Derivatized samples were tested for presence of aflatoxin (B1, B2, G1, G2), fumonisin (B1, B2), deoxynivalenol, ochratoxin A, zeralenon (α-zeralenol, β-zeralenol), T-2 toxin, and HT-2 using LC-MS/MS method (Seo et al., 2021). A total of 12 mycotoxins were analyzed using 1290 Infinity II Liquid Chromatograph (Agilent, USA) and 6470 LC/TQ (Agilent, USA), with Poroshell 120 SB (150 mm×I.D 2.7 mm, 3.0 μm) as column. The mobile phases were 5 mM aqueous solution of ammonium formate (solvent A) and methanol solution containing 5 mM ammonium formate (solvent B), both of which contained 0.1% (v/v) formic acid. The samples were run at 0.3 mL/min flowrate through the following concentration gradient conditions: starting with 95% of solvent A, and solvent B was increased to 30% over 3 minutes, 60% within 5 minutes, 80% within 7 minutes, and 95% within 9 minutes, and then remained constant until 10 minutes. Solvent B was then decreased by 5% over 0.1 min and remained the same for 5.9 min. For LC, a 6470 LC/TQ (Agilent, USA) equipped with AJS Electrospray Ionization in positive ion mode was used. The analysis was performed by setting the gas temperature to 300℃, the gas flow to 7 L/min, the atomizer to 35 psi, the sheath gas temperature to 350℃, and the sheath gas flow to 11 L/min.
(2) Veterinary drugs
Veterinary drugs were analyzed following method stated in the Food Code (MFDS, 2021). 2 g of the homogenized sample was placed in a 50 mL centrifuge tube, and 5 mL of 10% aqueous EDTA solution was added and shaken for 1 minute. Thereafter, 5 mL of acetonitrile (ACN) was added and centrifuged at 3,000 rpm/min for 10 minutes. Then, 10 mL of ACN was added to the supernatant, followed by centrifugation at 3,000 rpm/min for 10 minutes. The resulting supernatant was added with 1 g of C18 powder and 10 mL of acetonitrile-saturated nucleic acid, shaken for 1 minute, centrifuged at 3,000 rpm/min for 10 minutes, and the upper layer supernatant was removed. Excluding the powder, 5 mL of the lower liquid layer was transferred to a new centrifuge tube and dried with nitrogen. The residue was dissolved in 1 mL of a mixed solution of water:methanol (1 : 1, v/v) and filtered through a 0.2 μm syringe filter to be used as a test solution.
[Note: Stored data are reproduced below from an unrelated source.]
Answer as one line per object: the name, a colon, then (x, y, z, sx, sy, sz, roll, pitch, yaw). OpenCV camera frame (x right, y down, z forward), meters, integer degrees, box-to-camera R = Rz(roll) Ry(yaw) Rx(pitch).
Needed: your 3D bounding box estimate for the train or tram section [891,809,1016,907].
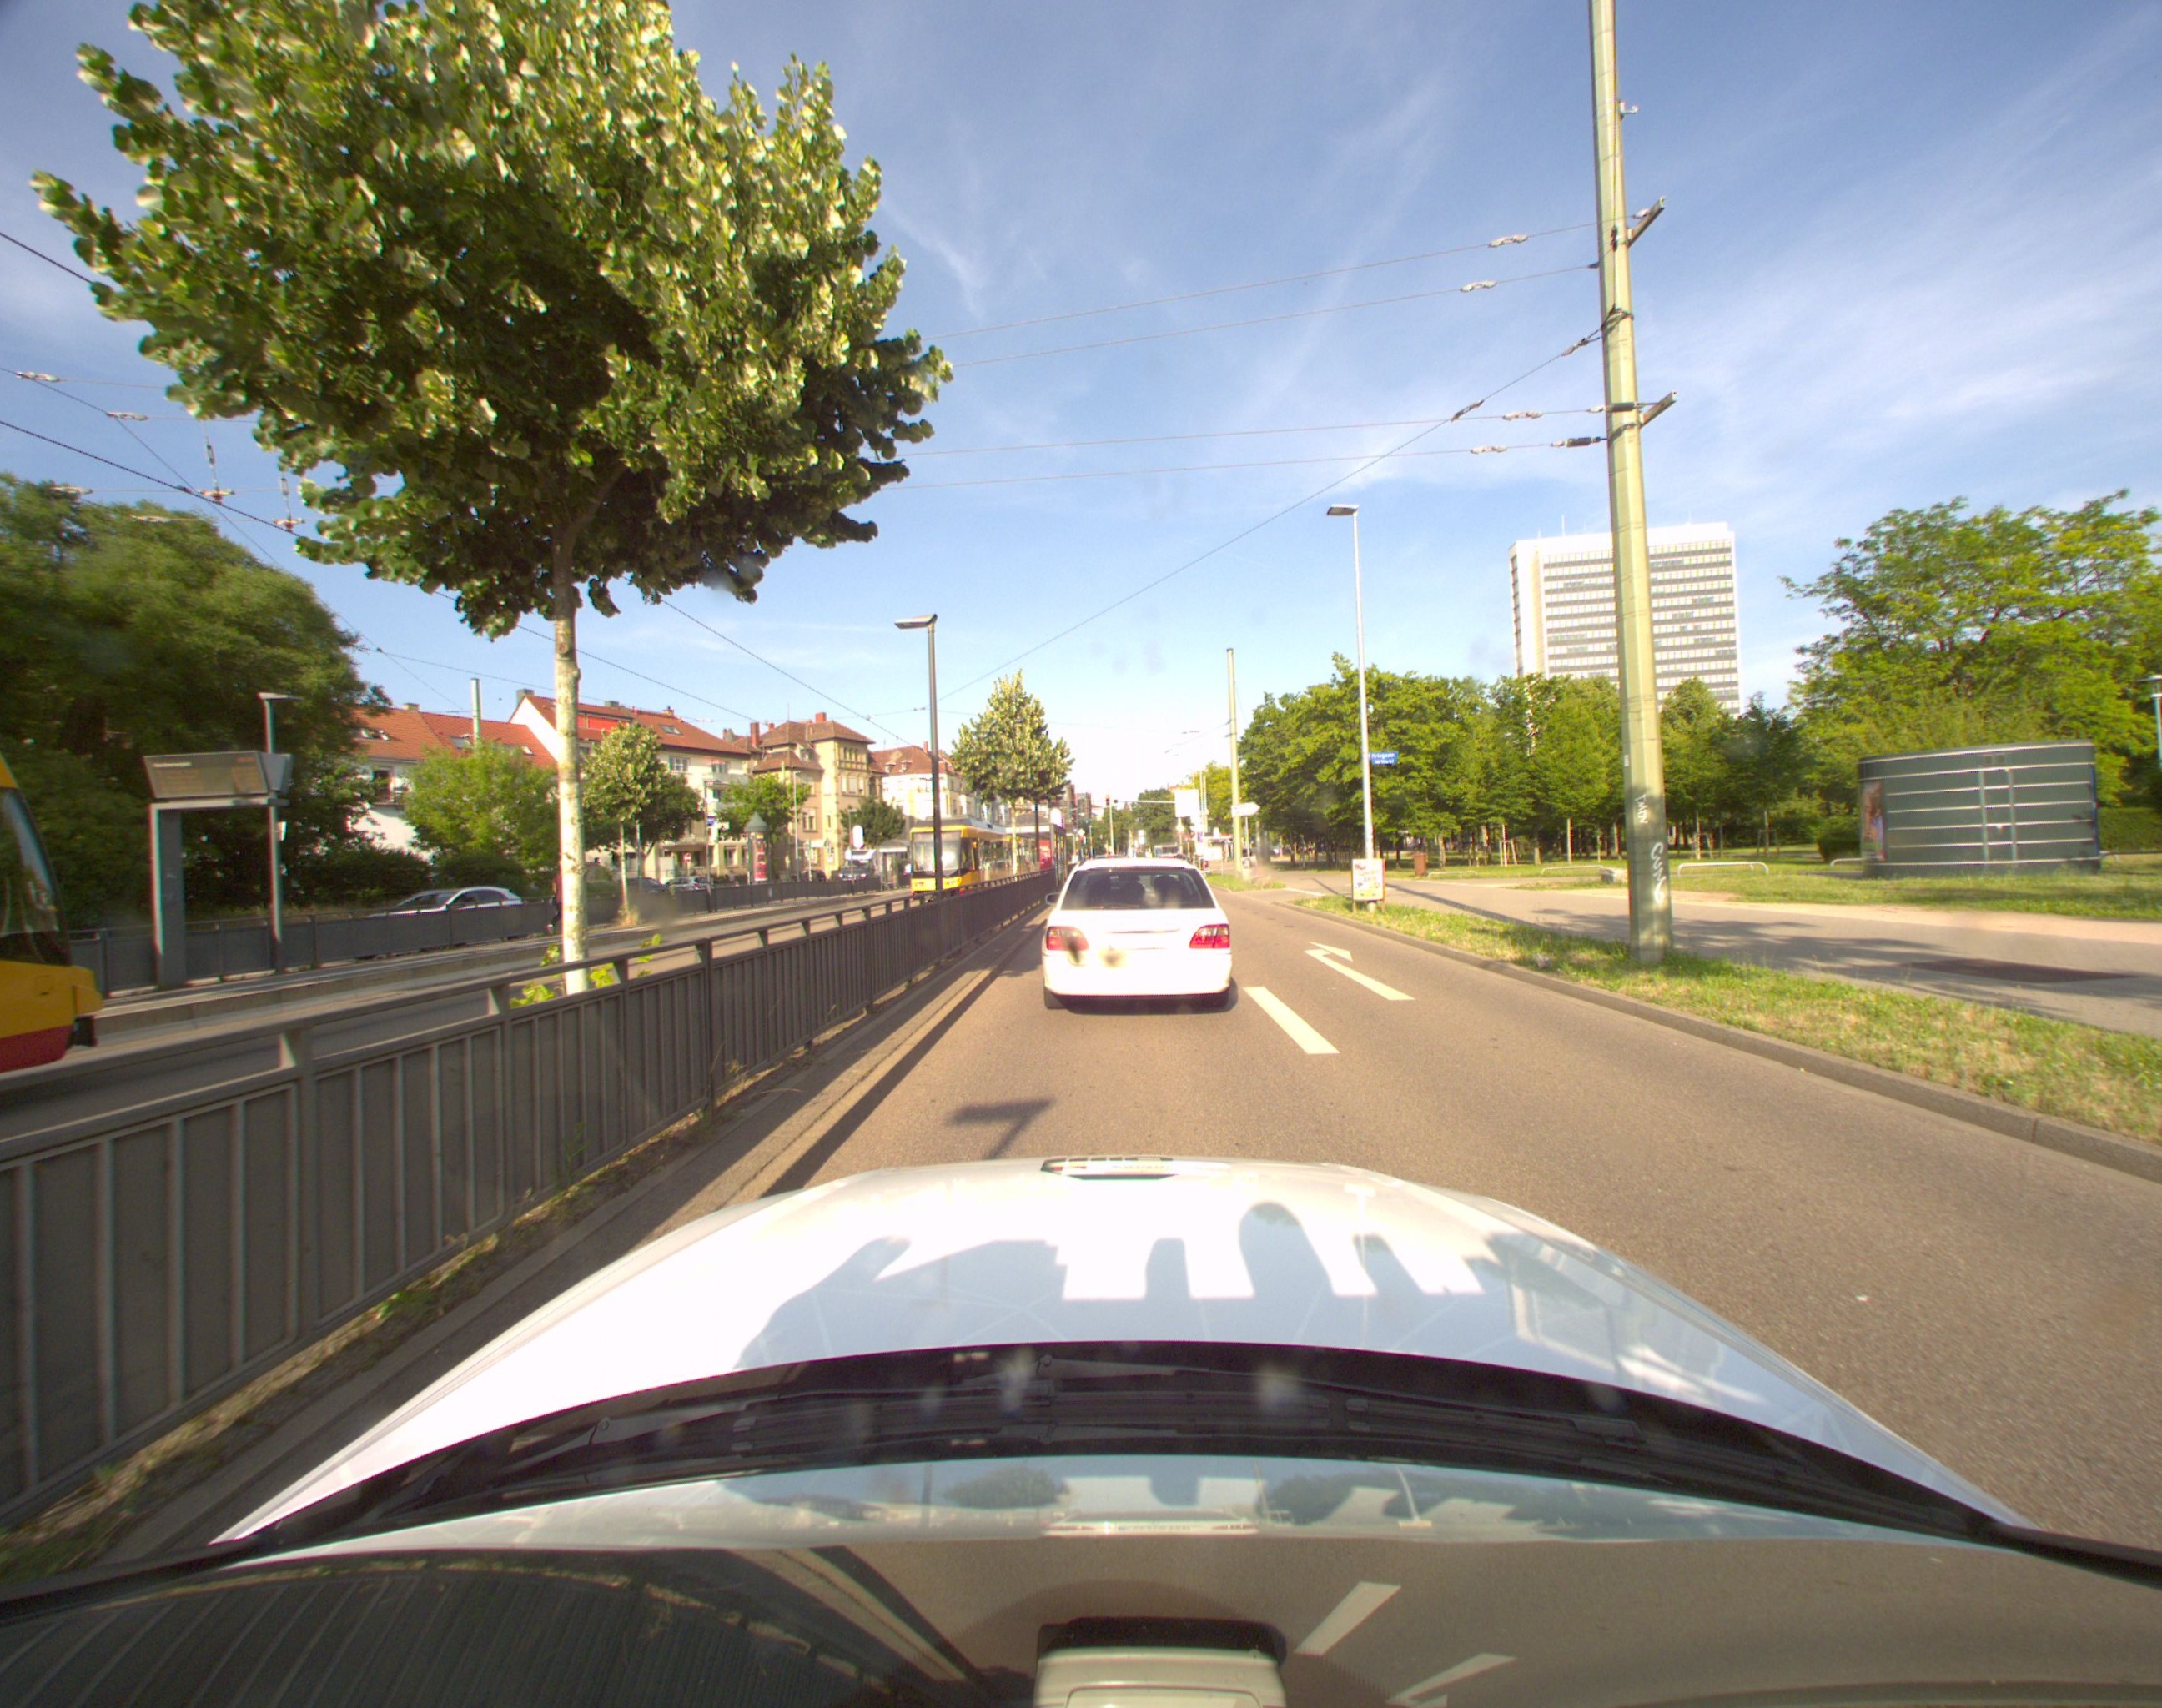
train or tram section: (-5.130, 0.096, 35.949, 2.838, 3.479, 13.207, -1, 0, 2)

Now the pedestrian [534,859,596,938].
pedestrian: (-11.879, 1.003, 18.768, 0.832, 1.733, 0.773, -3, 0, 2)

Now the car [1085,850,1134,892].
car: (1.313, 0.720, 35.991, 1.778, 1.690, 4.007, -2, 0, 6)

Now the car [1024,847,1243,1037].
car: (0.534, 0.743, 8.841, 1.751, 1.503, 4.003, -3, 0, 3)

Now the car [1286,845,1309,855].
car: (42.359, -0.825, 159.543, 4.006, 1.651, 1.984, -3, 0, -25)

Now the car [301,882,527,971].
car: (-15.639, 1.626, 19.438, 1.986, 1.684, 4.001, -2, 0, 1)

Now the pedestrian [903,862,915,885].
pedestrian: (-13.743, 1.555, 65.053, 0.886, 1.753, 0.743, -2, 0, -9)

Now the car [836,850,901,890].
car: (-15.628, 1.091, 60.559, 2.587, 2.735, 7.471, -2, 0, 2)

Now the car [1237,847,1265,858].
car: (27.690, -0.256, 132.423, 3.949, 1.651, 2.012, -3, 0, 27)

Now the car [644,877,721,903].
car: (-24.902, 2.239, 50.918, 3.956, 1.398, 2.009, -2, 0, 16)

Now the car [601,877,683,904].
car: (-25.980, 2.164, 48.237, 3.956, 1.398, 2.009, -2, 0, 16)

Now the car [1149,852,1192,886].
car: (4.600, 0.718, 41.926, 2.023, 1.605, 4.007, -2, 0, 6)

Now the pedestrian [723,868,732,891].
pedestrian: (-31.042, 2.269, 71.524, 0.417, 2.013, 0.436, -2, 0, 20)

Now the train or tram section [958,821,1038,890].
train or tram section: (-4.653, 0.049, 48.788, 2.838, 3.479, 13.207, -2, 0, 2)

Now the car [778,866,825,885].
car: (-27.786, 2.171, 81.073, 3.954, 1.750, 2.010, -2, 0, 19)

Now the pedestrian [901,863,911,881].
pedestrian: (-17.691, 1.837, 82.392, 0.662, 1.753, 0.747, -2, 0, 6)

As for the components to be analyzed, 92 types of veterinary drugs (Table 1) for livestock and aquatic products in the Food Code were selected and analyzed by simultaneous multi-component test method (MFDS, 2022). 1290 Infinity II Liquid Chromatograph (Agilent, USA) was used for LC-MS/MS analysis, using Eclipse Plus C18 RRHD (100 mm×I.D. 2.1 mm, 1.8 μm) as column. Two mobile phases, 5 mM aqueous solution of ammonium formate (solvent A) and 5 mM ammonium formate in methanol solution (solvent B) were used, with both solvents containing 0.1% (v/v) formic acid. The derivatized samples were run at 0.3 mL/min flowrate through concentration gradient conditions: starting with 95% of solvent A, and solvent B was increased to 30% from 1.5 to 3 minutes, 60% from 6 minutes, 90% from 10 minutes, and 98% from 12 minutes and kept constant until 13 minutes, solvent B was reduced by 5% over 0.1 min and held the same for 3.9 min. MS/MS conditions were established by setting the gas temperature to 250℃, the gas flow to 10 L/min, the atomizer to 40 psi, the sheath gas temperature to 350℃, and the sheath gas flow to 12 L/min in the ESI positive mode.
(3) Pesticide residues
Pesticide residues were analyzed based on the Multi-component Analysis Method for Harmful Substances in Agricultural Products (MFDS, 2020). 10 g of the homogenized sample was placed in a 50 mL centrifuge tube, and 10 mL of ACN was added and shaken for 1 minute. Then, 4 g of anhydrous magnesium sulfate, 1 g of sodium chloride, 0.5 g of disodium citrate 1.5 hydrate, and 1.5 g of trisodium citrate 2 hydrate were added and shaken with a QuEChERS homogenizer (Thermo ScientificTM QuEChERS Extraction Kit, ThermoFisher Scientific, MA, USA) for 1 minute. After shaking, the mixture was centrifuged at 3,000 rpm/min for 5 minutes, and the supernatant was filtered through a 0.2 μm syringe filter to be used as a test solution. A simultaneous LC-MS/MS (207 types) and GC-MS/MS (113 types) multi-component analysis method for harmful substances in agricultural products (MFDS, 2020) were followed to check pesticide residues in samples using Shimadzu GC-2010 (Shimadzu, Japan) and Shimadzu TQ-8040 (Shimadzu, Japan). For GC-MS/MS, the column used for analysis was Rxi®-5Sil MS (20 mm×I.D 0.18 mm, 0.18 μm), sample injection amount 1 μL, inlet temperature 280℃, helium (99.9999%) was used as the carrier gas, and the flow rate was 1.5 mL/min. The initial temperature of the column was 50℃, maintained at this temperature for 1 minute, raised to 200℃ at 25℃/min, and then raised to 300℃ at 10℃/min and held for 5 minutes. The mass spectrometer used electron ionization (EI) positive ion (+) mode, electron energy was 70 eV, and argon (Ar) was used as the collision gas.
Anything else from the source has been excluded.